Companies Act 2014
Restrictions on removal of statutory auditor
395. (1) The passing of a resolution to which this section applies shall not be effective with respect to the matter it provides for unless—
(a) in case the resolution provides for the auditor’s removal from office, there are good and substantial grounds for the removal related to the conduct of the auditor with regard to the performance of his or her duties as auditor of the company or otherwise, or
(b) in the case of any other resolution to which this section applies, the passing of the resolution is, in the company’s opinion, in the best interests of the company,
(i) for the foregoing purposes, diverging opinions on accounting treatments or audit procedures cannot constitute the basis for the passing of any such resolution, and
(ii) in paragraph (b) “best interests of the company” does not include any illegal or improper motive with regard to avoiding disclosures or detection of any failure by the company to comply with this Act.

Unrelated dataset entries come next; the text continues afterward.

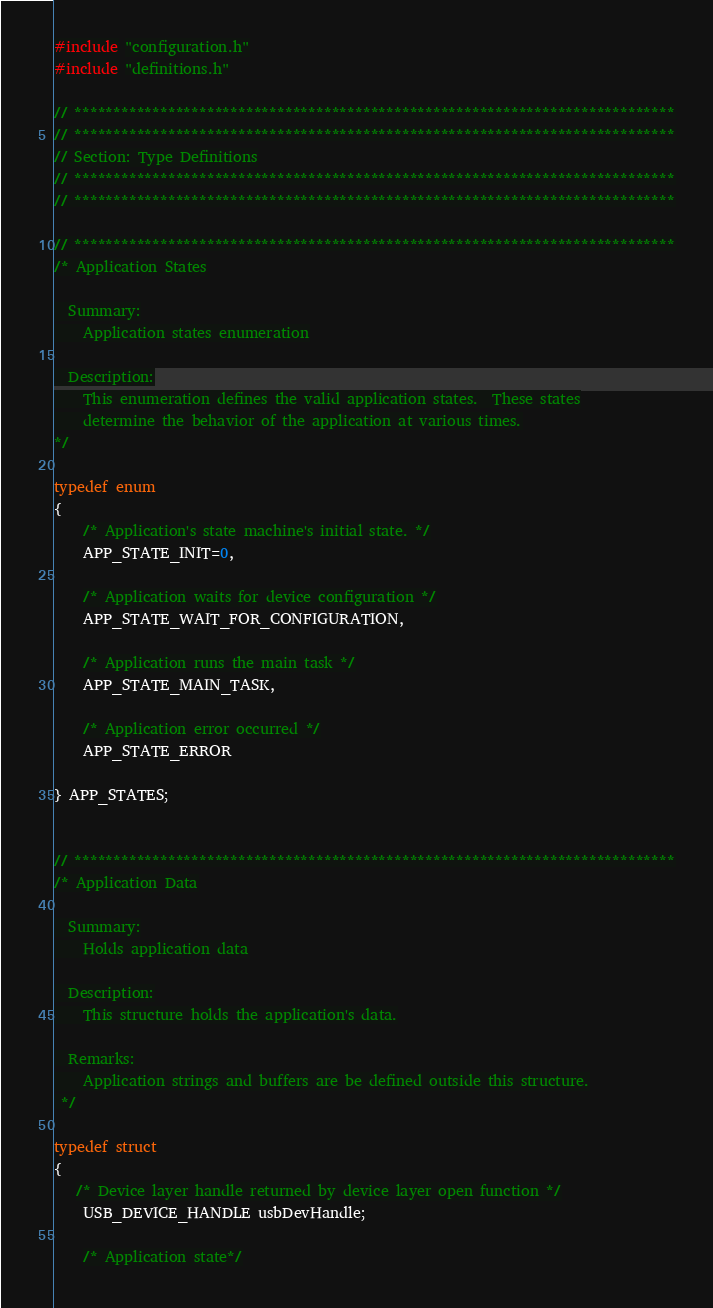<code> <loc_0><loc_0><loc_500><loc_500><_C_>#include "configuration.h"
#include "definitions.h"

// *****************************************************************************
// *****************************************************************************
// Section: Type Definitions
// *****************************************************************************
// *****************************************************************************

// *****************************************************************************
/* Application States

  Summary:
    Application states enumeration

  Description:
    This enumeration defines the valid application states.  These states
    determine the behavior of the application at various times.
*/

typedef enum
{
    /* Application's state machine's initial state. */
    APP_STATE_INIT=0,

    /* Application waits for device configuration */
    APP_STATE_WAIT_FOR_CONFIGURATION,

    /* Application runs the main task */
    APP_STATE_MAIN_TASK,

    /* Application error occurred */
    APP_STATE_ERROR

} APP_STATES;


// *****************************************************************************
/* Application Data

  Summary:
    Holds application data

  Description:
    This structure holds the application's data.

  Remarks:
    Application strings and buffers are be defined outside this structure.
 */

typedef struct
{
   /* Device layer handle returned by device layer open function */
    USB_DEVICE_HANDLE usbDevHandle;

    /* Application state*/</code> 
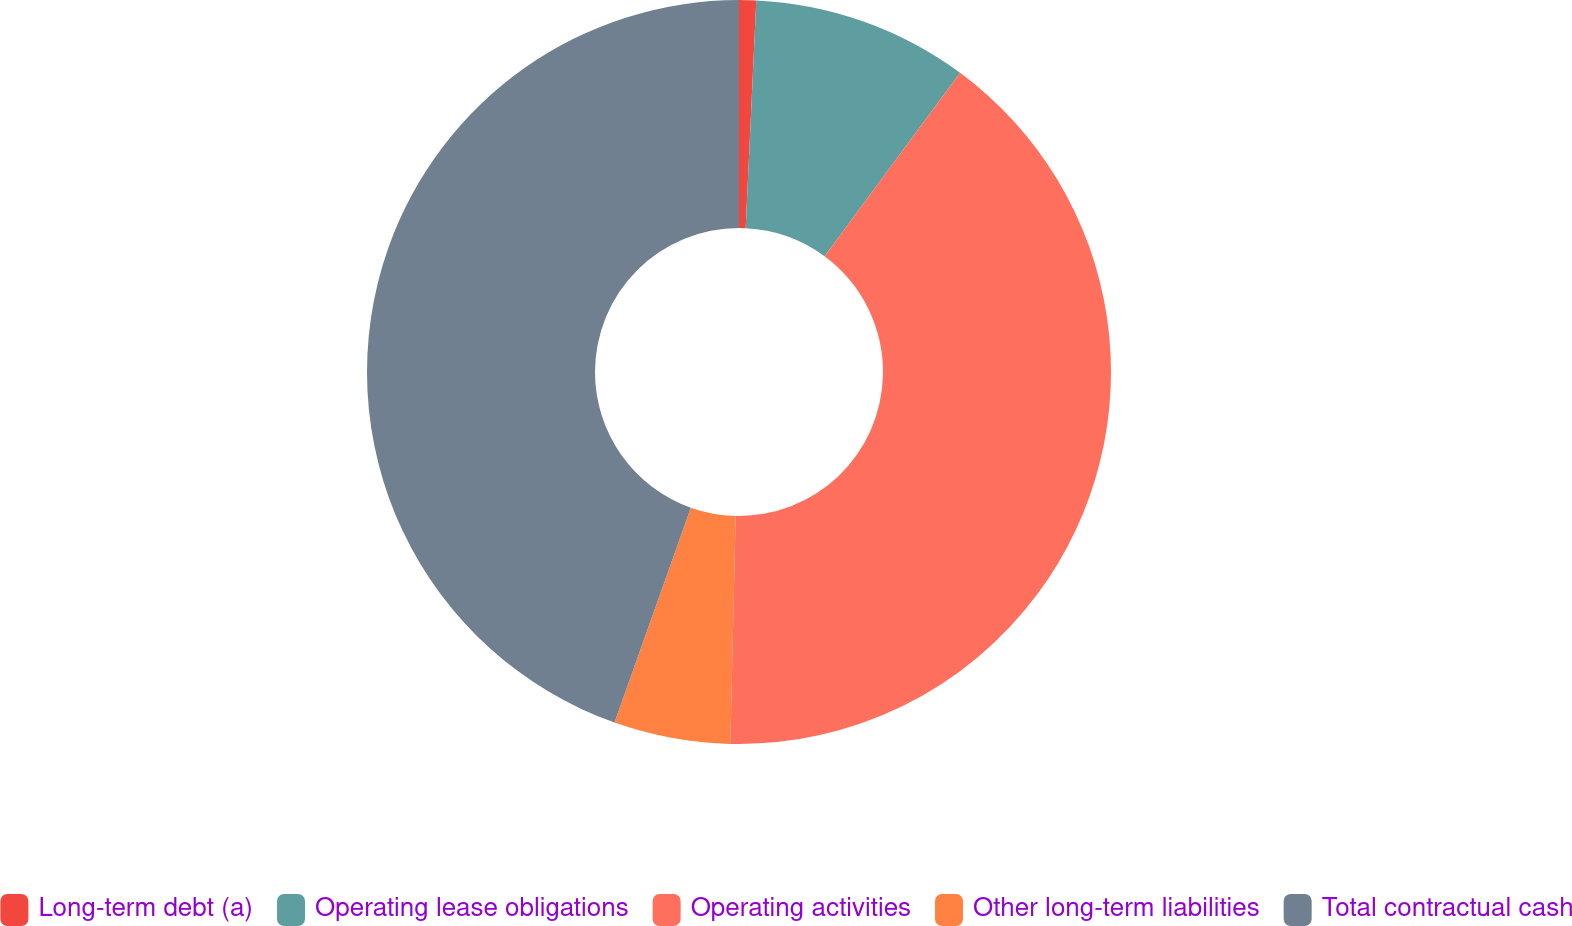<chart> <loc_0><loc_0><loc_500><loc_500><pie_chart><fcel>Long-term debt (a)<fcel>Operating lease obligations<fcel>Operating activities<fcel>Other long-term liabilities<fcel>Total contractual cash<nl><fcel>0.74%<fcel>9.39%<fcel>40.24%<fcel>5.06%<fcel>44.57%<nl></chart>

(2) This section applies to—
(a) a resolution removing a statutory auditor from office,
(b) a resolution at an annual general meeting appointing somebody other than the retiring statutory auditor as statutory auditor,
(c) a resolution providing expressly that the retiring statutory auditor shall not be re-appointed.
Modifications (not altering text):
Section applied with modifications (1.01.2020) by European Union (Qualifying Partnerships: Accounting and Auditing) Regulations 2019 (S.I. No. 597 of 2019), reg. 33, in effect as per reg. 1(2), (3).
Application of section 395 of Principal Act
33. Section 395 of the Principal Act shall apply to a qualifying partnership as if it read:
“395. (1) A statutory auditor of a qualifying partnership shall not be removed from office before the end of that auditor’s term of office unless there are good and substantial grounds for the removal related to the conduct of the auditor with regard to the performance of his or her duties as auditor of the qualifying partnership or otherwise.
(2) For the purpose of paragraph (1), diverging opinions on accounting treatments or audit procedures cannot constitute good and substantial grounds for the removal from office of a statutory auditor.”.